## Your assignment
Write out the records below from the first line through the line containing "The image spans 60.0° horizontally.", leaving out any pictures.
· · · · · · ·
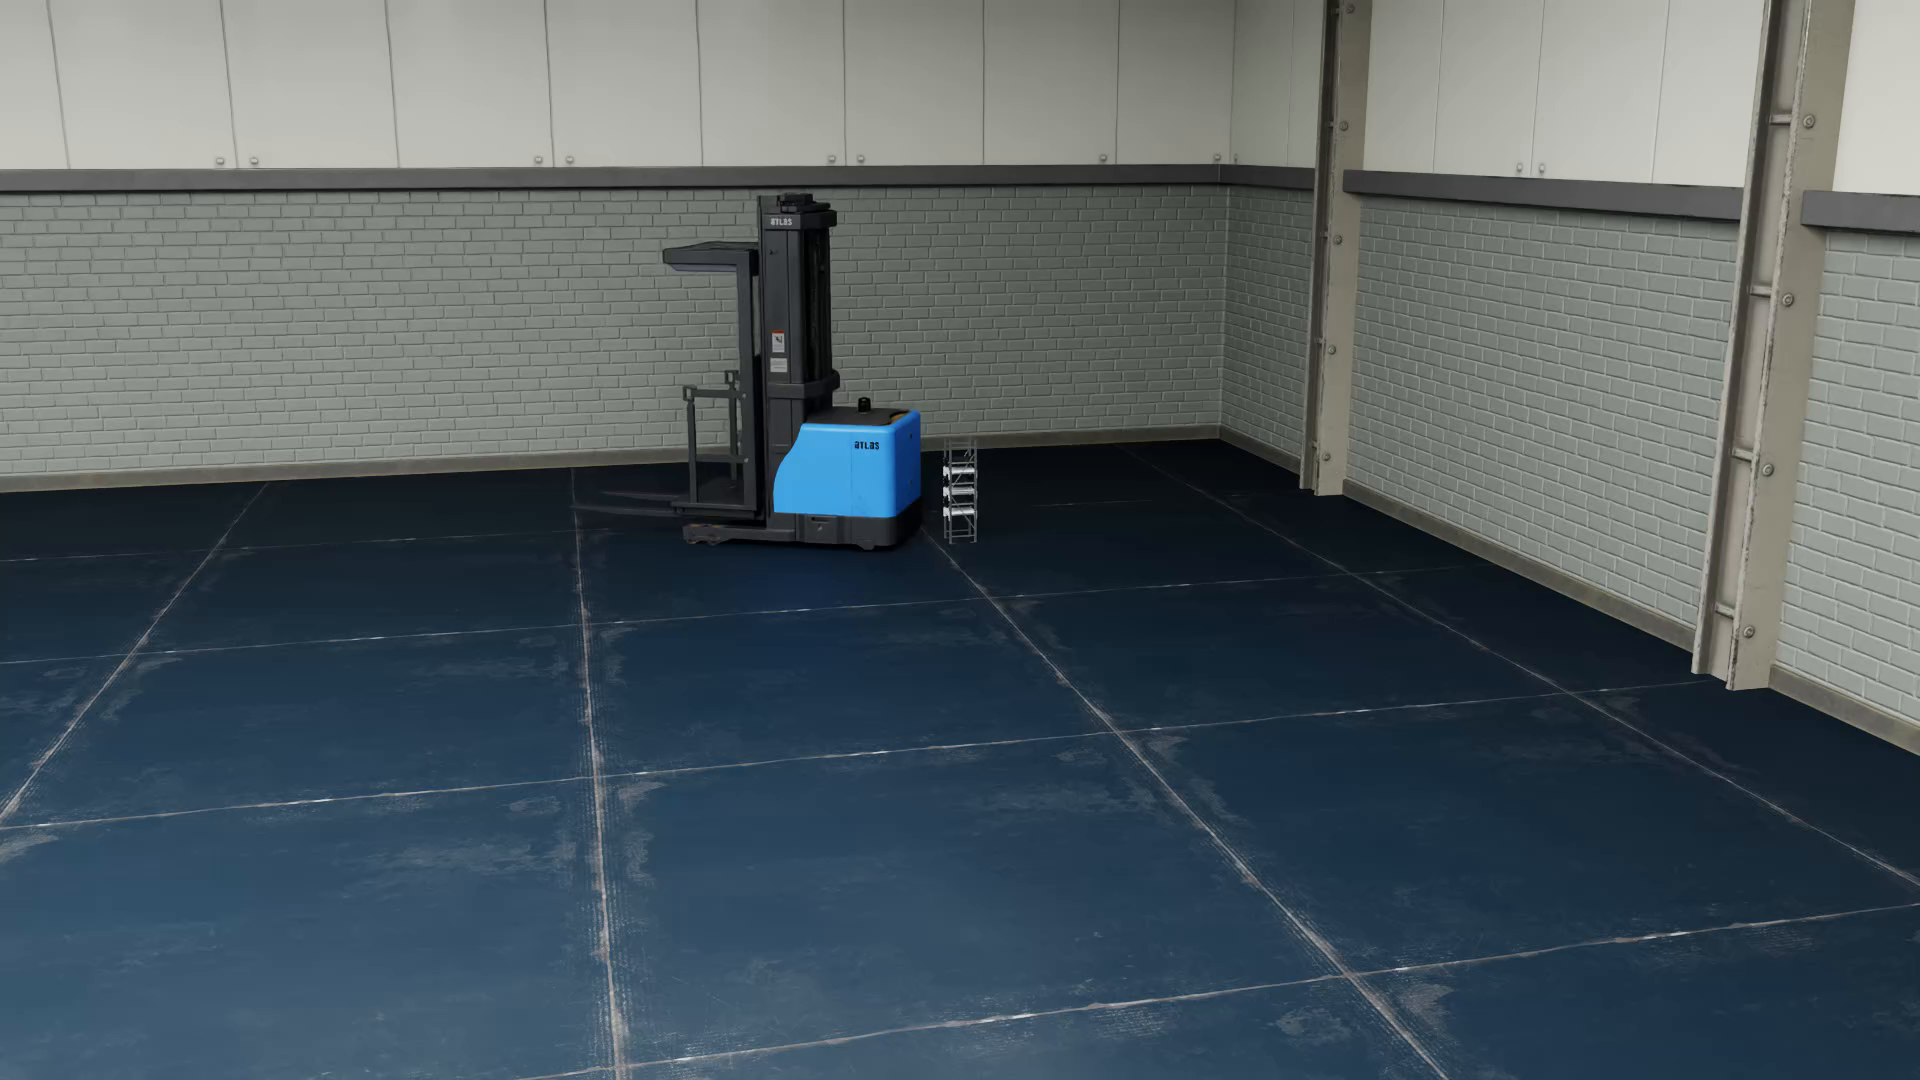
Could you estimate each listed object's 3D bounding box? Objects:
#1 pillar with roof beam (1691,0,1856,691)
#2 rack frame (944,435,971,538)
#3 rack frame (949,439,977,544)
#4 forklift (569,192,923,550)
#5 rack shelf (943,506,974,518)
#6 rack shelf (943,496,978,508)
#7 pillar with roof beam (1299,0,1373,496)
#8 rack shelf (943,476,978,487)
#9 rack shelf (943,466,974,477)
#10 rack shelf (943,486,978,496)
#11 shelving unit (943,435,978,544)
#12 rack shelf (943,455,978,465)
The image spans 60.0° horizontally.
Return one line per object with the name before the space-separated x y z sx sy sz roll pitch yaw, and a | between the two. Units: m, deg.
pillar with roof beam | 0.800 -3.233 8.698 9.100 9.000 0.400 -3 14 -13
rack frame | -0.022 -0.459 14.409 0.240 0.900 0.006 -3 14 -13
rack frame | 0.026 -0.412 14.217 0.240 0.900 0.006 -3 14 -13
forklift | -1.905 -1.500 14.389 3.031 2.935 1.130 3 14 13
rack shelf | 0.002 -0.228 14.363 0.258 0.077 0.200 -3 14 -13
rack shelf | 0.002 -0.315 14.342 0.258 0.077 0.200 -3 14 -13
pillar with roof beam | -0.610 -4.617 14.364 9.100 9.000 0.400 -3 14 -13
rack shelf | 0.002 -0.490 14.299 0.258 0.077 0.200 -3 14 -13
rack shelf | 0.002 -0.578 14.278 0.258 0.077 0.200 -3 14 -13
rack shelf | 0.002 -0.403 14.320 0.258 0.077 0.200 -3 14 -13
shelving unit | 0.002 -0.435 14.313 0.258 0.900 0.210 -3 14 -13
rack shelf | 0.002 -0.665 14.256 0.258 0.077 0.200 -3 14 -13
· · · · · · ·
## Exercise solution
Could you estimate each listed object's 3D bounding box? Objects:
#1 pillar with roof beam (1691,0,1856,691)
#2 rack frame (944,435,971,538)
#3 rack frame (949,439,977,544)
#4 forklift (569,192,923,550)
#5 rack shelf (943,506,974,518)
#6 rack shelf (943,496,978,508)
#7 pillar with roof beam (1299,0,1373,496)
#8 rack shelf (943,476,978,487)
#9 rack shelf (943,466,974,477)
#10 rack shelf (943,486,978,496)
#11 shelving unit (943,435,978,544)
#12 rack shelf (943,455,978,465)
The image spans 60.0° horizontally.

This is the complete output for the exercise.